• **Records provided**
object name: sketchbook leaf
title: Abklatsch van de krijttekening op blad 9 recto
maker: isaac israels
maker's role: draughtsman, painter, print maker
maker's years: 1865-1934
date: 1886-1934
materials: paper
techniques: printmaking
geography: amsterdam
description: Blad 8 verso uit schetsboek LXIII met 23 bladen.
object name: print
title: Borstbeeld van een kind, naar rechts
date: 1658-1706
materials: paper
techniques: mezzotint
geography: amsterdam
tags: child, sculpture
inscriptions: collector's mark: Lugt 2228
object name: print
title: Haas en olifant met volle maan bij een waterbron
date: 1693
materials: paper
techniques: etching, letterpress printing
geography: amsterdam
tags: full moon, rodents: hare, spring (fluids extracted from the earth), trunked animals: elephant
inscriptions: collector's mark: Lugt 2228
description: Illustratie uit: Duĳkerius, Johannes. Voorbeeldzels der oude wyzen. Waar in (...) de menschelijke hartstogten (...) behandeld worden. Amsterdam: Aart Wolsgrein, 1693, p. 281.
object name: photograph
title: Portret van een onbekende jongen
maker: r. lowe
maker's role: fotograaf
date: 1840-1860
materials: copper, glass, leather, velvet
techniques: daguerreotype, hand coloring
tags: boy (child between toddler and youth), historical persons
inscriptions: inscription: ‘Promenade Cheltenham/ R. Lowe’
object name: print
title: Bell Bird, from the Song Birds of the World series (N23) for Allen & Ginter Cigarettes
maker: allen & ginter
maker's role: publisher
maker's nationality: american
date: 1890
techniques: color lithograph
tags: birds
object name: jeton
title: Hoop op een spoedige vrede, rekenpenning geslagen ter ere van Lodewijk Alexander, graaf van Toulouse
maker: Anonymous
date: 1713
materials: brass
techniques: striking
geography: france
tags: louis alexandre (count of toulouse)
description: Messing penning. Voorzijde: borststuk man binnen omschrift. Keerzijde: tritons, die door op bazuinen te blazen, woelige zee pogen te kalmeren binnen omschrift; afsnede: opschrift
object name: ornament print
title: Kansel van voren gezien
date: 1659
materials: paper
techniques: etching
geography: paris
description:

• **Exercise requirements**
Your reply should be one number, namely how many lines of the material contain "title".

• **Response to the exercise**
7